Evaluating a Limit (without L'Hopital's rule)

Question

I just got this limit problem. It is easy but there is an instruction to solve this limit without L'Hopital's rule. How can I derived this?

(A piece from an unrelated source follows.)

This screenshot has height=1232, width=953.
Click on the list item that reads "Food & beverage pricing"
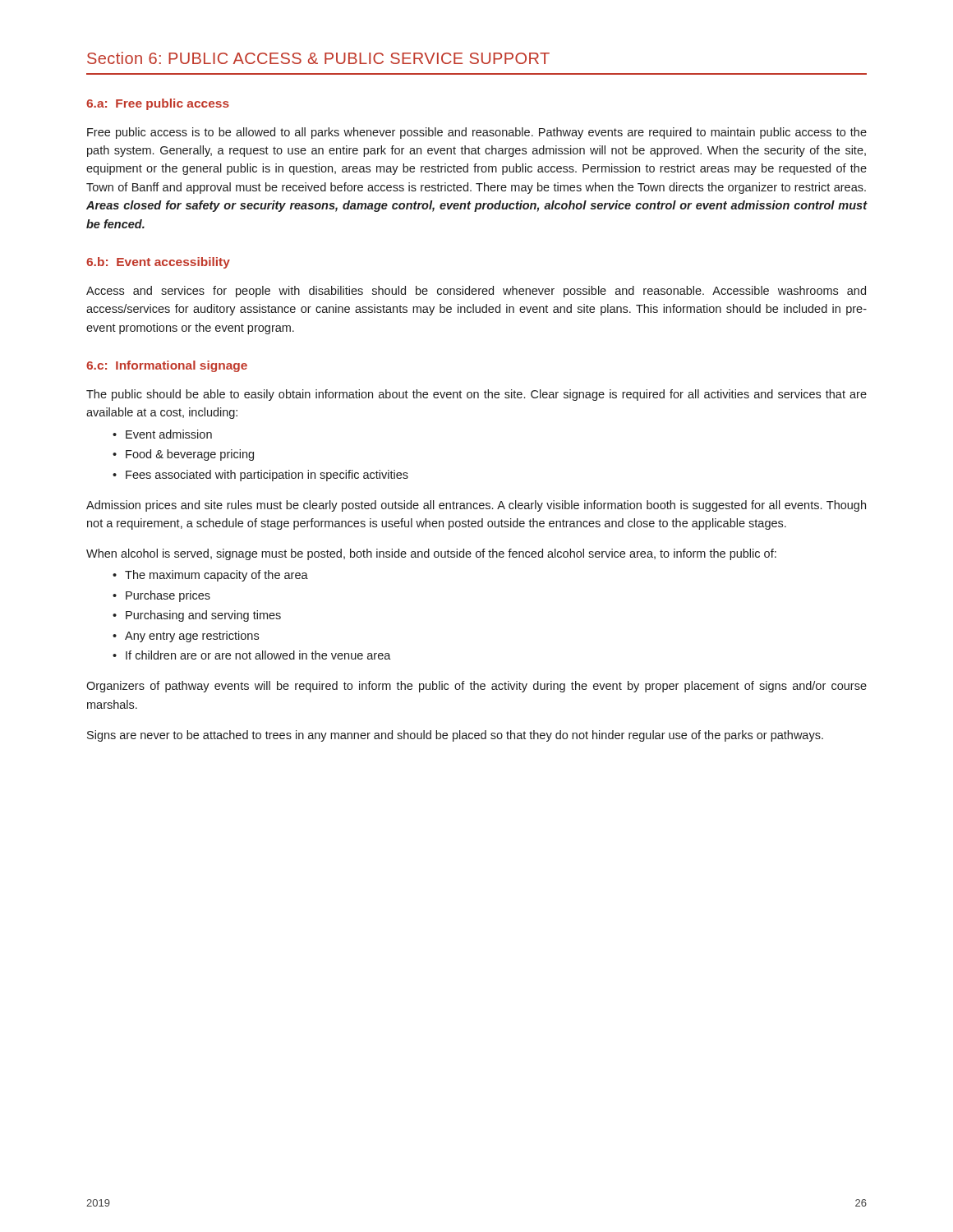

$$\lim_{x\to 0} \left(\frac{1}{\sin^2(x)} + \frac{\cos^2(x)}{\sin^2(x)} - \frac{2}{x^2}\right)$$

Answer 1

$\begin{align} \lim_{x\to 0} \left(\frac{1}{\sin^2(x)} + \frac{\cos^2(x)}{\sin^2(x)} - \frac{2}{x^2}\right)&=\lim_{x\to 0} \left(\frac {x^2+x^2\cos^2x-2\sin^2x}{x^2\sin^2x} \right)\\ &=\lim_{x\to 0} \left(\frac {2x^2-x^2\sin^2x-2\sin^2x}{x^2\sin^2x} \right)\\ &=-1+\lim_{x\to 0} \left(\frac {2(x-\sin x)(x+\sin x)}{x^2\sin^2x} \right)\\ &=-1+\lim_{x\to 0} \left(\frac {2(x-(x-\frac{x^3}6+O(x^5)))(x+x+O(x^3))}{x^2(x+O(x^3))^2} \right)\\ &=-1+\lim_{x\to 0} \left(\frac{(\frac{x^3}3+O(x^5))(2x+O(x^3))}{x^4+O(x^6)} \right)\\ &=-1+\lim_{x\to 0} \left(\frac{\frac23x^4+O(x^6)}{x^4+O(x^6)} \right)\\ &=-1+\lim_{x\to 0} \left(\frac{\frac23+O(x^2)}{1+O(x^2)} \right)\\ &=-1+\frac23\\ &=-\frac13 \end{align}$

Answer 2

\begin{eqnarray} \mathcal L &=& \lim_{x\to 0}\left(\frac1{\sin^2x} + \frac{\cos^2x}{\sin^2x}-\frac2{x^2}\right)=\\ &=&\lim_{x\to 0} \left(\frac2{\sin^2x}-1-\frac2{x^2}\right)=\\ &=& 2\lim_{x\to 0}\left(\frac{x^2-\sin^2x}{x^2\sin^2x}\right)-1=\\ &=&2\lim_{x\to 0}\left(\frac{x^2-\sin^2x}{x^4}\right)-1=\\ &=&2\lim_{x\to 0}\left(\frac{x+\sin x}{x}\cdot\frac{x-\sin x}{x^3}\right)-1=\\ &=& 4\underbrace{\lim_{x\to 0}\left(\frac{x-\sin x}{x^3}\right)}_{\mathcal{L_1}}-1. \end{eqnarray} There are nice ways to find $$\mathcal L_1 = \frac16,$$ such as this one. Hence $\mathcal L = -\frac13$.